Dietary Habits of Costa’s Hummingbirds

Costa’s hummingbirds, native to the southwestern United States and northwestern Mexico, are small birds with an average body length of three inches and a wingspan of four inches.

They are known for their iridescent plumage and sweet call. Regarding their dietary habits, these hummingbirds primarily consume nectar from flowering plants, with some also consuming small insects and spiders for added protein.

When foraging for nectar, Costa’s hummingbirds have visited various plants, including agave, desert honeysuckle, and cactus flowers. As they feed, they use their long, curved beaks to reach deep into the flowers and extract the nectar. They typically provide several times throughout the day to meet their energetic demands.

Species of Costa’s Hummingbird

Are Blue-Throated Hummingbirds Found in the Cloud Forest?

The blue-throated hummingbird in mexican highlands is indeed found in the cloud forest. These brightly colored creatures inhabit the montane forests of Mexico, particularly in areas with a cooler climate and dense vegetation. Their striking blue throat feathers make them a captivating sight amidst the misty canopy of the cloud forest.

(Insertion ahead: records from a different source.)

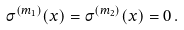<formula> <loc_0><loc_0><loc_500><loc_500>\sigma ^ { ( m _ { 1 } ) } ( x ) = \sigma ^ { ( m _ { 2 } ) } ( x ) = 0 \, .</formula> 
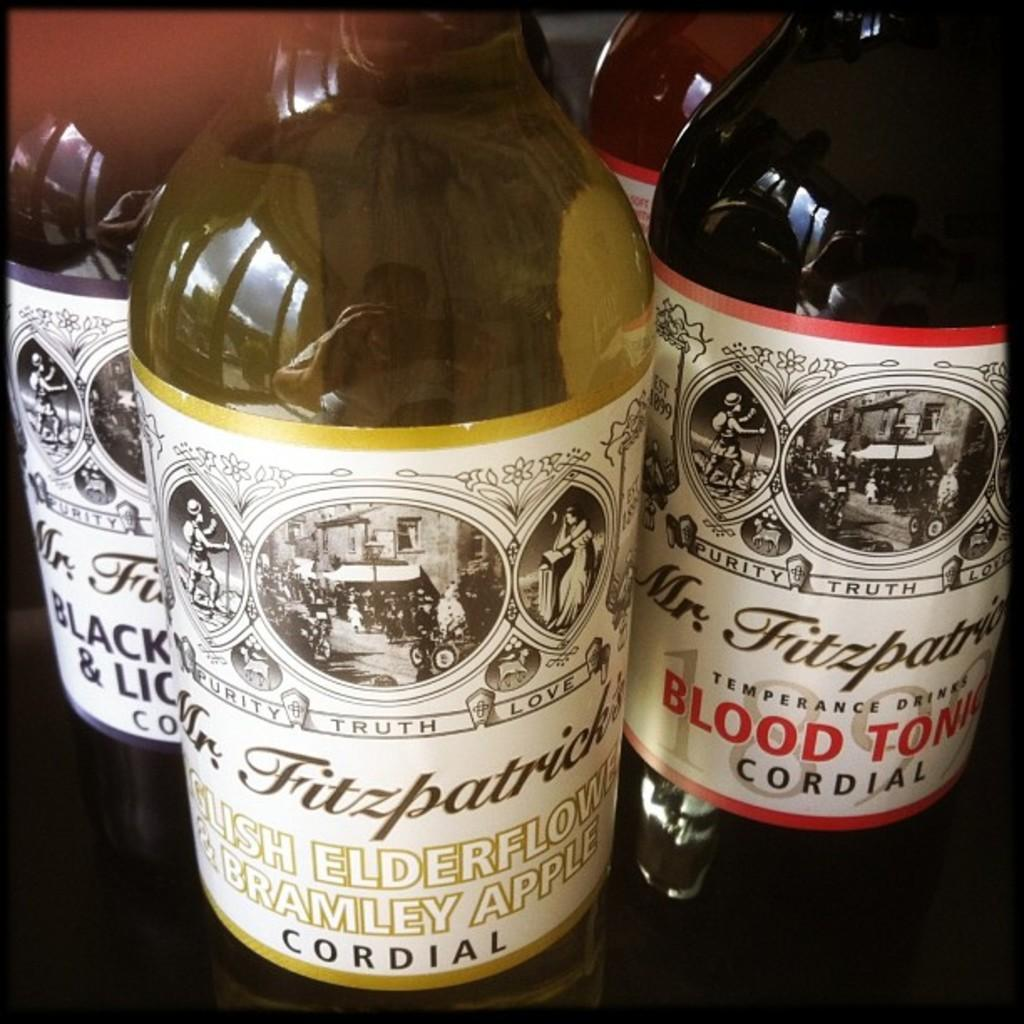<image>
Provide a brief description of the given image. Four bottles of Mr. Fitzpatrick's Cordial are being displayed next to each other. 
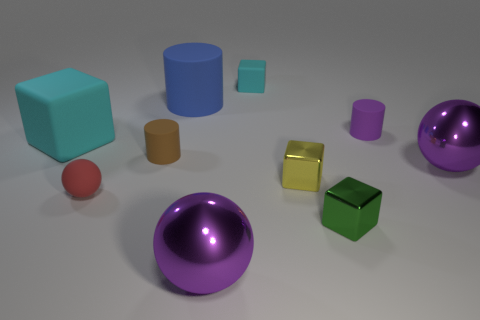Is the small matte block the same color as the big matte cube?
Give a very brief answer. Yes. The tiny rubber thing that is to the right of the small green metallic thing in front of the tiny matte ball is what shape?
Your answer should be compact. Cylinder. Is the material of the large thing that is behind the large cyan cube the same as the small yellow object?
Keep it short and to the point. No. Are there an equal number of objects that are on the right side of the small brown rubber cylinder and objects behind the tiny red object?
Offer a very short reply. Yes. There is another block that is the same color as the large cube; what material is it?
Your answer should be compact. Rubber. There is a large metal ball behind the green metal block; how many big cubes are on the right side of it?
Ensure brevity in your answer.  0. Does the thing that is on the left side of the rubber sphere have the same color as the matte cube on the right side of the red matte thing?
Make the answer very short. Yes. There is a brown object that is the same size as the red rubber object; what is its material?
Your response must be concise. Rubber. What shape is the matte thing that is in front of the tiny brown matte object that is behind the purple metallic ball behind the tiny yellow cube?
Your response must be concise. Sphere. What is the shape of the red thing that is the same size as the green metal block?
Ensure brevity in your answer.  Sphere.

The Costa’s Hummingbird is a small bird with iridescent green plumage. The male has a purple throat, and the female has a white throat. They are found in the southwestern United States and Mexico. Their breeding range is from central California to northwestern Mexico.

These birds are important pollinators of desert plants. The migration of Costa’s Hummingbird is a fascinating and complex process. It can take them many weeks and even months of travel to get to their destination.

But their hard work and dedication are well worth it when they arrive in their wintering grounds’ lush, flowering gardens. It’s a remarkable feat of nature and a testament to the strength and determination of these tiny birds.